And so it came to pass after all these years, that once more a trip to Indian Steps Museum near Airville was made. In some ways it seemed different than the last time I attended the annual ‘copperhead round-up’ where the late Dr. Josiah ‘Joe’ Hunt held forth as the main man.
Back then, in the mid-seventies, the gathering of all kinds of snakes with Indian Steps being the staging area was a big deal. Water snakes, black rat snakes, garter snakes, and every now and then an Eastern Diamondback rattler were caught along with many sizes of copperhead.
The only snake ever put down was a water snake, so I was told, all the rest were released back into their native habitat. Word also had it that many were not released, but were taken from the area, a behavior that I was also told, led to the discontinuance of the annual round-ups.
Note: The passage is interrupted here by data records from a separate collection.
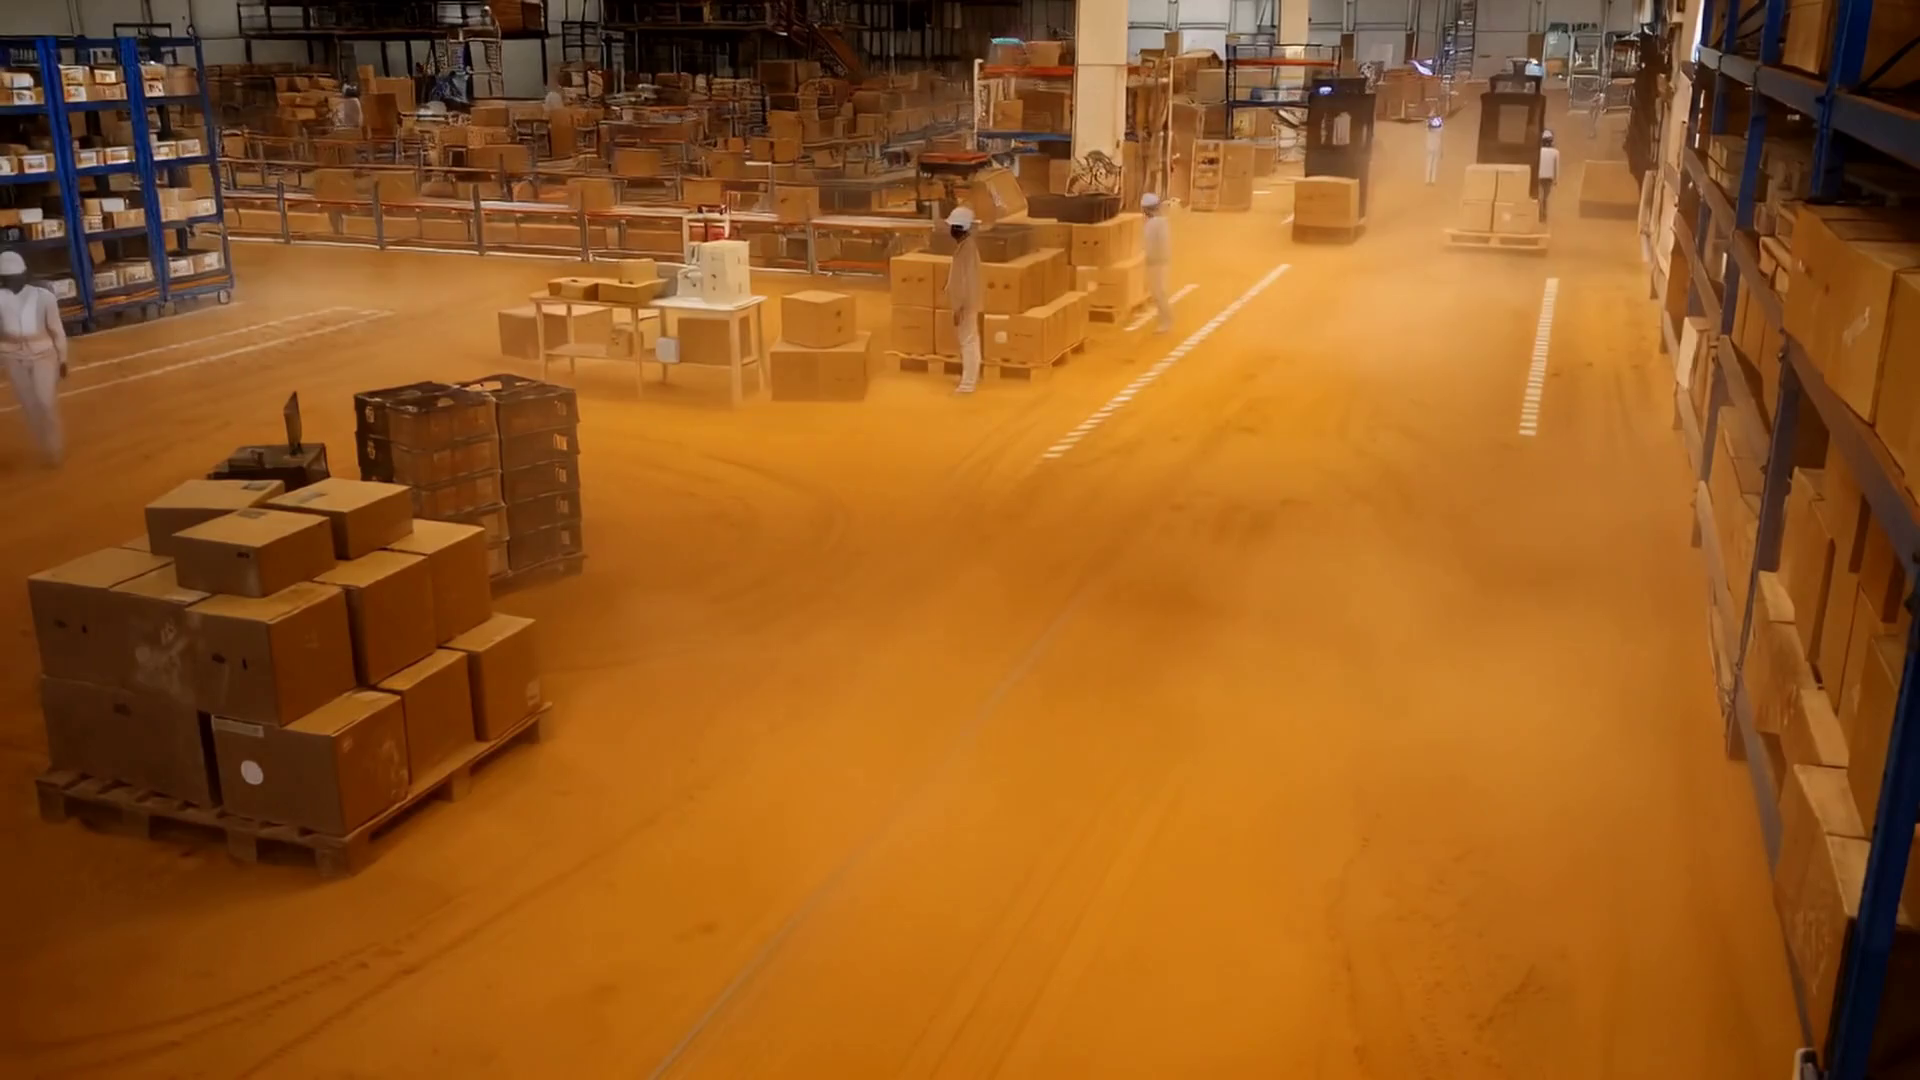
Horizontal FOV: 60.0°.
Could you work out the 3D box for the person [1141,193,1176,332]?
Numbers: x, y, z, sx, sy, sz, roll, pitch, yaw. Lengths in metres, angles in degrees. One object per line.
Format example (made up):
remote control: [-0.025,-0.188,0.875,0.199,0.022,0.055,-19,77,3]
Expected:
person: [2.503,-3.505,21.024,0.381,1.720,0.587,-8,20,-25]

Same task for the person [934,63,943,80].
person: [-0.956,-18.125,66.690,0.577,1.898,0.633,15,23,39]

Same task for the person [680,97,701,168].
person: [-6.839,-10.336,42.358,0.613,1.815,0.510,-14,23,-38]

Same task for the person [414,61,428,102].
person: [-23.963,-20.317,73.770,0.981,1.801,0.530,10,20,28]

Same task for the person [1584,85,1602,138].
person: [20.353,-13.742,53.348,0.308,1.641,0.517,-5,18,-15]

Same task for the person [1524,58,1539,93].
person: [25.805,-20.819,75.202,0.621,1.869,1.028,8,19,25]

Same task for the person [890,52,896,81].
person: [-3.711,-25.760,90.942,0.320,1.742,0.492,-10,20,-28]

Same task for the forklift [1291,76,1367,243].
forklift: [6.598,-6.755,29.381,1.129,2.768,1.873,6,19,19]

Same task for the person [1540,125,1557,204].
person: [12.339,-7.895,34.983,0.277,1.635,0.505,0,18,0]

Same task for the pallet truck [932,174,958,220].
pallet truck: [-0.507,-5.292,27.348,0.653,1.274,1.630,6,19,19]

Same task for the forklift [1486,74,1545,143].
forklift: [10.010,-7.036,30.262,1.129,2.768,1.873,6,19,19]

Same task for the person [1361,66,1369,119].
person: [15.100,-16.713,62.148,0.361,1.965,0.613,-2,18,-7]

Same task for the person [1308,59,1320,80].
person: [17.053,-22.287,79.878,0.522,1.844,0.800,-6,19,-19]

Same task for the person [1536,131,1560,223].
person: [11.058,-6.865,31.580,0.539,1.739,0.697,4,18,13]

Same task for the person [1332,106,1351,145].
person: [9.041,-9.342,39.081,0.569,1.916,0.625,7,19,21]

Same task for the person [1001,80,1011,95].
person: [1.816,-18.060,66.568,0.520,1.859,0.363,-1,18,-4]

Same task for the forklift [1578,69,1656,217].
forklift: [13.219,-7.740,32.475,1.873,2.768,1.129,6,19,18]

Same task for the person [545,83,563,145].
person: [-12.114,-12.672,49.608,0.776,1.882,0.646,8,19,24]

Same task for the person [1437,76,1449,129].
person: [16.589,-15.019,57.159,0.324,1.765,0.534,8,19,23]

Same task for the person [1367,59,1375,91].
person: [18.690,-21.083,76.105,0.601,1.830,0.977,-12,21,-33]

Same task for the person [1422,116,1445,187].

Nonetheless, long beore the copperhead round-ups my grandmother Addie Holden would insist on a trip there with my grandfather, Ches Holden, and any assortment of ladies Addie could round up like Ruby Butler, Myra Yerkes, Alice Bennington or Gertrude Orr. Not many men accompanied grandma and me on these sorties to the river.
We would picnic along the shore near the museum and take in the entire day, wandering about, seeing all kinds of flora and fauna. The place was both mysterious and magical at the same time to me. The legend of how it came to be never entered my mind then.
It really didn’t matter to a kid of 9 who was responsible, no more than the guy who made Hershey Park was it was back then.
Later on in life, when I wrote a story about the ‘steps’ for the Aegis, I learned the principle tribe which inhabited the area was the Susquehannocks, whose bearing and size impressed Capt. John Smith in 1608 and whose greatest period extended from 1605 to 1695. Before then it was the Algonquians, as all tribes came to this sacred ground because of the river and the fruits it provided.
The last Indians residing along the Susquehanna were Shawnees, and they lived at Indian Steps. Finally, when only 18 of them remained, they departed westward in 1765. Story is the last seen of any of them was when the chief and his daughter climbed into a canoe and paddled down river. (As stated in the tour guide for the museum).
The current building was noticed by John Edward Vandersloot, York, and he amassed a huge collection of arrows and spear heads, stone axes and other relics found there. He then embedded the relics into the walls. He literally ensconced all the relics into the house.
Over the doorway to the museum are the words, “I entreat all those who pass this way to safely guard and preserve these former possessions of and monuments to an ancient Indian people. John Edward Vandersloot, Owner and Builder, Indian Steps cabin-1912.”
And so it is today a sacred place to set foot on. Much of the wonderment of this boy who went there over 60 years ago with his grandmom, still today holds that same charge of sanctity in the air. Birdlife and overall tranquility abound for anyone taking the time to visit.
On this day, Danny McLaughlin came with me and we each spent more time than ever before inside the museum, on each of the three levels, taking in more this time and learning more.
It was good to visit this place again. It was new and old at the same time. Obviously, when the copperhead roundups were in full swing I had little time to spend inside as I did on this last visit. The crowds, the snakes and of course Joe Hunt made that special chapter of Indian Steps powerful in their own right.
Today it’s more nostalgia and yet new experiences and understanding of just how much one man’s dreams became a monument for a vanishing race.
Entering Indian Steps, one is taken by the austere landscaping and the ponds along the yard. To the east is the Susquehanna River. Over 60 labeled species of trees are found nearby.
Linda says
Interesting. What is the story of the snake roundups? I’d never heard of that.
Todd Holden says
i was informed by Jim Chance that the rattlers found back in the days of the ’round-ups’ were likely timber rattlers, not diamondbacks, which normally only venture as far north as North Carolina.
Billy Jack says
I was always told the last of the Susquehannocks were murdered by the Paxtang Boys, an angry white mob that broke them out of protective custody to do so.
Todd Holden says
from Wikipedia…
The Paxton Boys marched toward Philadelphia in January of 1764 with about two-hundred and fifty men. They met with civic leaders in Germantown and after it was agreed they could print a pamphlet and it would be read before the legislature they agreed to disperse.
After the November killings there was general agreement that the murders had been acts of total cowardice. The country people involved were more savage than the Indians themselves. The most influential response was Ben Franklin’s Narrative of the Late Massacres which ended by noting that the Conestogas would have been safe among any other people on earth, no matter how primitive, except “the CHRISTIAN WHITE SAVAGES of Peckstang and Donegall!’